Multivariable MR analysis of early AMD

We conducted multivariable MR analyses (MVMR-IVW method) to estimate the direct effects of serum lipid biomarkers on early AMD risk conditional on other serum lipid biomarkers and confounders. We further selected independent SNPs with other serum lipid biomarkers and confounders as instrumental variables. 107, 166, 146, and 39 SNPs related to ApoB, HDL-C, TG, and high cholesterol, four serum lipid biomarkers regressed by LASSO Cox, used as the genetic instruments (Fig. 3). For diabetes mellitus, high blood pressure, and BMI, we selected 28, 73, and 198 SNPs as the genetic instruments. We found that the associations of HDL-C (OR = 1.187, 95% CI 1.064–1.324, P = 2.138 × 10−3) and TG (OR = 0.838, 95% CI 0.738–0.950, P = 5.962 × 10−3) with early AMD risk were essentially unchanged in multivariable MR analyses compared with univariable MR analysis.

Fig. 3

Multivariable Mendelian randomization method showing causal effects of HDL-C and TG on early AMD. SNP, single nucleotide polymorphism; BMI, Body mass index; HDL-C, high-density lipoprotein cholesterol; OR, Odd ratio; CI, Confidence interval

Validation of the causal effects of TG and HDL-C on early AMD

To corroborate the reliability of the results about the causal effects of TG and HDL-C on early AMD, we further replicated MR analysis based on other different GWAS datasets about “Total triglycerides (GWASID: met-d-Total_TG)” and “HDL cholesterol (GWASID: met-d-HDL_C)” (Table 1). Here, 92 SNPs related to total triglycerides and 133 SNPs related to HDL cholesterol were included in this validation analysis, respectively. Consistently, we noticed that the significant associations of TG (OR = 0.795, 95% CI 0.732–0.864, P = 5.325 × 10−8) and HDL-C (OR = 1.201, 95% CI 1.101–1.310, P = 3.606 × 10−5) with early AMD risk were significant using the IVW (multiplicative random effects) method respectively, although possible heterogeneities were observed (P_heterogeneity < 0.05) (Table 2).

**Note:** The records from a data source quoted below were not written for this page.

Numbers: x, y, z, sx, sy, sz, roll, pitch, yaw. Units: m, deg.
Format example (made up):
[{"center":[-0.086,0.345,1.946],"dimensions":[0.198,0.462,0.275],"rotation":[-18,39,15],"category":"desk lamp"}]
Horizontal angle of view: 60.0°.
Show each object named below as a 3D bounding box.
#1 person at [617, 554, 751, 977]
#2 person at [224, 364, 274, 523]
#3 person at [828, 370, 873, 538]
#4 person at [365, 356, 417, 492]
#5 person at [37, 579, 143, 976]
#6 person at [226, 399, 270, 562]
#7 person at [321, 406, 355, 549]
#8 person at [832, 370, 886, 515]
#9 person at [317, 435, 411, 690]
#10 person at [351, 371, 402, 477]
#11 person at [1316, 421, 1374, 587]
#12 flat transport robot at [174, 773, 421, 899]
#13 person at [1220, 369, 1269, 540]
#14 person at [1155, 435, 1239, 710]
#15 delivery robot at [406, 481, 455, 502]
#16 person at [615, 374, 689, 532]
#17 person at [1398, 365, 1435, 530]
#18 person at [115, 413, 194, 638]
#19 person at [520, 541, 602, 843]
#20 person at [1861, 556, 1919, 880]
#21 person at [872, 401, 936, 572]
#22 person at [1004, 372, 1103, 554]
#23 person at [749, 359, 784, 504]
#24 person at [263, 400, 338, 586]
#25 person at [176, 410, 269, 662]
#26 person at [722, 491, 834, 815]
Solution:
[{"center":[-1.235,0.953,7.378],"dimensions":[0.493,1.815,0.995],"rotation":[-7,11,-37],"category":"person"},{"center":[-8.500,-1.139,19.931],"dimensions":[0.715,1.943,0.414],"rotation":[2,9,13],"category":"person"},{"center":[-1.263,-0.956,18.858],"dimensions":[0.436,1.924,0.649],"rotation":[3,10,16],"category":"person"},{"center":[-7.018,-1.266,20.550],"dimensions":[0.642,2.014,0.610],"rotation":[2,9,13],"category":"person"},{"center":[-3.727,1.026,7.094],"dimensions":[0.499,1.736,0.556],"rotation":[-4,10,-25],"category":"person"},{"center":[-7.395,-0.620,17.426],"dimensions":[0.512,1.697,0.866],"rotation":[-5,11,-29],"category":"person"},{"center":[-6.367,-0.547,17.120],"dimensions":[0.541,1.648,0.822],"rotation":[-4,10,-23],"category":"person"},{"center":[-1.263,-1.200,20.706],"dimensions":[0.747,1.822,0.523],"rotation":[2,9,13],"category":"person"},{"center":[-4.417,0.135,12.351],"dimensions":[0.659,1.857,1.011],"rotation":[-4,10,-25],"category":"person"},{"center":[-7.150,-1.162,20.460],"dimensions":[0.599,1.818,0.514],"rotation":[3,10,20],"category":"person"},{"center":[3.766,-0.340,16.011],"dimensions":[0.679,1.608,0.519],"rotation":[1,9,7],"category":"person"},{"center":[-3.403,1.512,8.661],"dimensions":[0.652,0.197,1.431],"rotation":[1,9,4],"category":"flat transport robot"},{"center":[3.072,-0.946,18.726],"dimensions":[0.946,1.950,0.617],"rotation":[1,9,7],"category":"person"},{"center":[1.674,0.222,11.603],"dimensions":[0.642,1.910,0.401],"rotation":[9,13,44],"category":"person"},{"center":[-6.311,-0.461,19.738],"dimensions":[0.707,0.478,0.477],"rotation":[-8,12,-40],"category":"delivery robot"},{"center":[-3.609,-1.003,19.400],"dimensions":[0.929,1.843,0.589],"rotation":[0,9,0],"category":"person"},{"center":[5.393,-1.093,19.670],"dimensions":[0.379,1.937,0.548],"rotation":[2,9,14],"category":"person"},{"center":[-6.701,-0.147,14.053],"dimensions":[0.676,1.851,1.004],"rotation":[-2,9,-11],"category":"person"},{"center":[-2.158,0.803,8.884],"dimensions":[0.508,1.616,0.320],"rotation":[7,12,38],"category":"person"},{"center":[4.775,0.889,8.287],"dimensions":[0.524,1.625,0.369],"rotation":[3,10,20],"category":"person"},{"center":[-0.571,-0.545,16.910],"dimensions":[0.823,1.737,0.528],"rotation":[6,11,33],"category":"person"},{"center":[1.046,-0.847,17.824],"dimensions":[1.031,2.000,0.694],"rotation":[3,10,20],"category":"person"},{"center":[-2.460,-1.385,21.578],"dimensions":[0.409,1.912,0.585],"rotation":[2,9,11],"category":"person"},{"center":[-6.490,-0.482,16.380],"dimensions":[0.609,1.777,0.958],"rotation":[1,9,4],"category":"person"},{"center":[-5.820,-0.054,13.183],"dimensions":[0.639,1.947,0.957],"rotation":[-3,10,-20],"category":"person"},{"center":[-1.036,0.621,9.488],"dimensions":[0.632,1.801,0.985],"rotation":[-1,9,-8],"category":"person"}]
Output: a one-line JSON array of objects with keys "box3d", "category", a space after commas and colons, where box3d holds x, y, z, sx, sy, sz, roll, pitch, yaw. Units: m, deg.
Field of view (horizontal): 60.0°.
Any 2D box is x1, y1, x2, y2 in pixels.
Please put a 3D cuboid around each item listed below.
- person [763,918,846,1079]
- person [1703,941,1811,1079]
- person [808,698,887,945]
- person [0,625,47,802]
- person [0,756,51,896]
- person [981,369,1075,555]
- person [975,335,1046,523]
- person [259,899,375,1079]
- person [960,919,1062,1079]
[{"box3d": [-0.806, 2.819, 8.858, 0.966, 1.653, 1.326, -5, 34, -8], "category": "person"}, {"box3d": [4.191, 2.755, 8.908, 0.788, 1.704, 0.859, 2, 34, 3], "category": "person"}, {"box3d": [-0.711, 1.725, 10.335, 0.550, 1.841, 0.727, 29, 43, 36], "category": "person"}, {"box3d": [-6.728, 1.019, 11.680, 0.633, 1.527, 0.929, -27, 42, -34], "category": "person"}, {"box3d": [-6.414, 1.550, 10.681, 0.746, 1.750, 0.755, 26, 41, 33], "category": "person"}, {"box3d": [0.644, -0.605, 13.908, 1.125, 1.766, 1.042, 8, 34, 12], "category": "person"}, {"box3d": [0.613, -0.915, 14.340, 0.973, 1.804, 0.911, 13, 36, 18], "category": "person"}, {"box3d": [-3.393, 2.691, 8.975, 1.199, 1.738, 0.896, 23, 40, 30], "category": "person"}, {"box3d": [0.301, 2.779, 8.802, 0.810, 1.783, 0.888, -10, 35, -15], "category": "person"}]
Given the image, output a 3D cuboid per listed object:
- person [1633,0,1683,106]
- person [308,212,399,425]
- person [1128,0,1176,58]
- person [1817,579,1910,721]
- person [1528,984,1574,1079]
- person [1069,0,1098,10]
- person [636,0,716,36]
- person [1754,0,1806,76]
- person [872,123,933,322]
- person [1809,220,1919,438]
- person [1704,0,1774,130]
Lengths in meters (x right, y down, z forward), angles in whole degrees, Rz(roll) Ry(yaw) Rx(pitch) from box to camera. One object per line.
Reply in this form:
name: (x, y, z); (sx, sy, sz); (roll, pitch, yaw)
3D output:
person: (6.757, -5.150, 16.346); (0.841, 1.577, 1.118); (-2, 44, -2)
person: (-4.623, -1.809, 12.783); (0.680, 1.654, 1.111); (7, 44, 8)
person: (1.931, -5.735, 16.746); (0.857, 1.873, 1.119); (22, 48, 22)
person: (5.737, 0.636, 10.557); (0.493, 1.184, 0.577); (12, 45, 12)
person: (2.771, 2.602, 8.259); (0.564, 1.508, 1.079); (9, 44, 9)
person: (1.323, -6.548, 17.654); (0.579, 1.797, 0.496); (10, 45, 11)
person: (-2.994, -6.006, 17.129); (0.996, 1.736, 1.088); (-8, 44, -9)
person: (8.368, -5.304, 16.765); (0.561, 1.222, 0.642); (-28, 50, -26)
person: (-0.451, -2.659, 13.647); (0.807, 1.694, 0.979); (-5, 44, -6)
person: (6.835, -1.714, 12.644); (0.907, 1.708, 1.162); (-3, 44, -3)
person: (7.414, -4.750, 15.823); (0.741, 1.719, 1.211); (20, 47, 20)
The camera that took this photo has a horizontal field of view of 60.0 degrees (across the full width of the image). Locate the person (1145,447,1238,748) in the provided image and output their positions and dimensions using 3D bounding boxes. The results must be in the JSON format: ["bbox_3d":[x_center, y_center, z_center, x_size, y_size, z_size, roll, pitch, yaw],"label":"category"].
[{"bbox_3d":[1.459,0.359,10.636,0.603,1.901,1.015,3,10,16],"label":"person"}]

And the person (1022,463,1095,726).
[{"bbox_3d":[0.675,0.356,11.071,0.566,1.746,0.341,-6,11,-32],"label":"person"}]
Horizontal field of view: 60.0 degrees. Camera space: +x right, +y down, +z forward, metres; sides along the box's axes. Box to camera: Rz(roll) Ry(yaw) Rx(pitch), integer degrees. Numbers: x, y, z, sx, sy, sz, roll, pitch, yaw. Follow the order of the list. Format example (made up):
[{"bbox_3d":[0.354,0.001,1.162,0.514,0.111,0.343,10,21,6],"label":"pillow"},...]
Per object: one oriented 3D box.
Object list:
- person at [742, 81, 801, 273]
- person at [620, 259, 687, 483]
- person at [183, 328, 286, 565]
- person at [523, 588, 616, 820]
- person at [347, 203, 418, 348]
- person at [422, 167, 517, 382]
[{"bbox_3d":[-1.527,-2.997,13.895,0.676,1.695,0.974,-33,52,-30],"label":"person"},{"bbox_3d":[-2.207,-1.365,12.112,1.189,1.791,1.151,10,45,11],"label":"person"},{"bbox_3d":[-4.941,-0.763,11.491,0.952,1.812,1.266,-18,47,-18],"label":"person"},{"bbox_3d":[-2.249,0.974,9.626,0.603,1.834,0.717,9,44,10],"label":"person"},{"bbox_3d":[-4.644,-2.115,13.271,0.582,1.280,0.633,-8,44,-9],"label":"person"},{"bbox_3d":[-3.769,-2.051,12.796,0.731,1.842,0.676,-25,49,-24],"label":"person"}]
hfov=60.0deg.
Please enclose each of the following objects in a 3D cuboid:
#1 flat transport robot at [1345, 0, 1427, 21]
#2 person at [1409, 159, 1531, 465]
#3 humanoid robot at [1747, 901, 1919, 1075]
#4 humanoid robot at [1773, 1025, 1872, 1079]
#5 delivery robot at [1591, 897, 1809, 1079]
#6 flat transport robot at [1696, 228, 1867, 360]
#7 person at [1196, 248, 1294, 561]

Furthermore, we performed a leave-one-out sensitivity test for the above risk factors, including “never eat wheat products”, “dairy smoothie intake”, “chronotype”, “age started wearing glasses/contact lenses”, “use of sun/UV protection”, “black hair color”, “dark brown hair colour”, “light brown hair color”, “skin colour”, “high cholesterol”, “TG”, “HDL-C”, “DLD-C”, “ApoA1”, “ApoB”, “total FA”, “SFA”, “MUFA”, and “PUFA”. We eliminated SNPs of each risk factor one by one and calculated the MR results for the remaining SNPs. All of them showed stability of the results (Fig. S1A–U).